Challenge 3: What is the level of risk in resettlement areas?
Risk comes from more than just proximity to the ocean. Landslides, earthquakes, floods but also crime and violence are risks that need to be considered when restricting coastal development. Residents of two resettlement communities I visited in Sri Lanka expressed fear of crime – theft, assault, rape, and even murder – in their new communities. Especially for women, who remain at home while men work, are at risk of various forms of crime from locals and from others within the community. In one resettlement building constructed next to a highly impoverished community, the resettled families faced nightly attacks by locals attempting to take the new homes. While no longer worried about a tsunami, these resettled people now worried of daily victimization.
Challenge 4: What do people do once resettled?
Finally one of the most well-known, yet still ignored challenges is protecting livelihoods during resettlement and reducing the risk of poverty after restricting coastal development. Preventing populations dependent on the ocean for their livelihoods from being near to the water causes unemployment but often more devastatingly loss of cultural heritage and generational knowledge. In tsunami affected areas in Sri Lanka, the closest available land was a 45 minute taxi ride from the ocean. As one young mother explained, her husband left their new home at 3 AM to walk to the main road to catch a taxi, and would hopefully arrive to the coast by 5 AM before the fishing fleet had left. He often missed the boat, literally, and returned home losing a day’s pay. By removing them from the coast, they were falling further into poverty with each missed day.

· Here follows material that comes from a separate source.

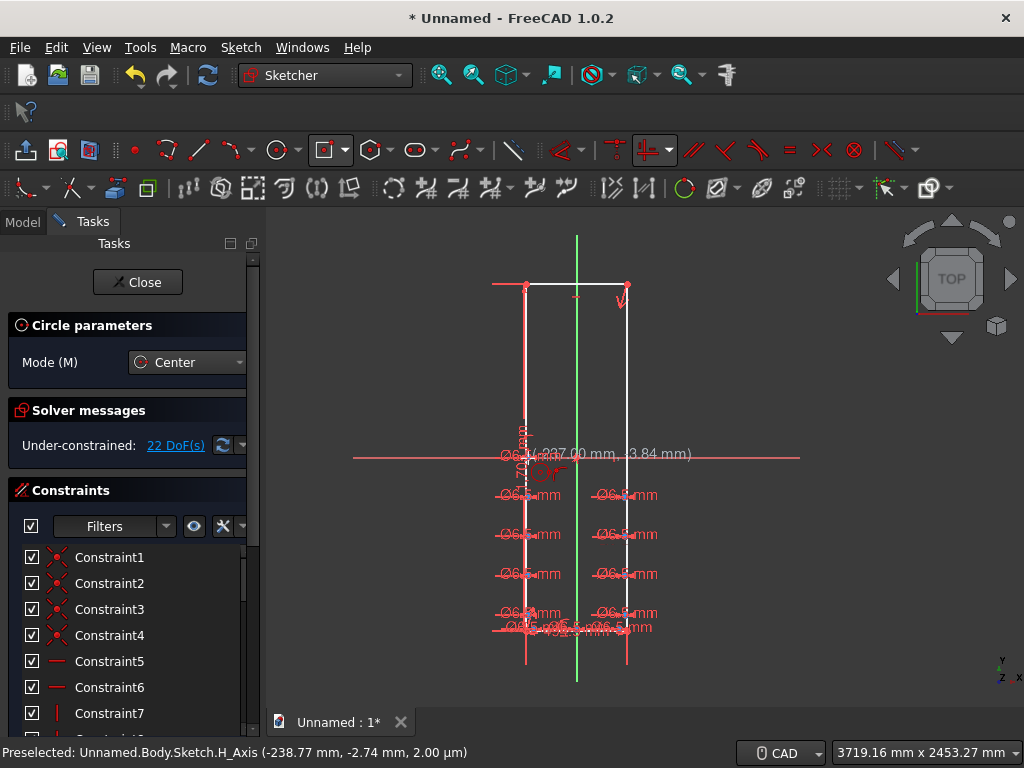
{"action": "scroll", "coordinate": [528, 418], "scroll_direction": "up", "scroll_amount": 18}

These are only a few of the potential risks and inequalities that can development from a seemingly simple solution to save lives. Yes, disaster risk is increasing and coastal populations are growing. In less than a decade, we saw massive population movement from the 2004 Tsunami, 2005 Hurricane Katrina, and now in the Philippines. But the implications of not rebuilding on the coast must be balanced against the risks and challenges in resettlement, which many authors have described for decades (e.g., Cernea 1997), after each major coastal disaster (e.g., Badri et al. 2006; Levine et al. 2007), and are even incorporated in international legal standards (e.g., United Nations Guiding Principles for Internally Displaced Persons 1998). Drawing a line along the coast to reduce risk is not an easy answer and the challenge remains: if a new policy destroys livelihoods and generates unemployment, breaks family and cultural networks, opens opportunities for external development, creates crime and victimization, but saves lives from future large-scale, low probability events… what and whose risk is really reduced?
Michelle Annette Meyer, Ph.D., is an Assistant Research Scientist at the Hazard Reduction and Recovery Center at Texas A&M University. She completed her Ph.D. in Sociology at Colorado State University where her dissertation research focused on the role of social capital and collective efficacy in individual and community resilience and social vulnerability in hurricane-prone communities. She has worked on a variety of projects related to disasters and environmental sociology including comparing rural disaster recovery after a technological and a natural disaster; managing a project on hazard mitigation in US Atlantic and Gulf Coast jurisdictions; analyzing the inclusion of disability in US disaster plans; among many others. Her research has been funded by the National Science Foundation, National PERISHIP Dissertation Fellowship supporting hazards and disasters research, Midwest Sociological Society, and the Rural Sociological Society and she has presented her research in Germany, Spain, and across the U.S. She earned her Bachelor of Arts in Sociology from Murray State University in Murray, KY and her Master of Arts in Sociology from Colorado State. Her research and teaching interests include disaster resilience and mitigation, climate change displacement, environmental sociology and community sustainability, quantitative and qualitative research methods, and the interplay between environmental conditions and social vulnerability. She will be continuing this work at Louisiana State University where she begins as Assistant Professor of Sociology in the fall of 2014.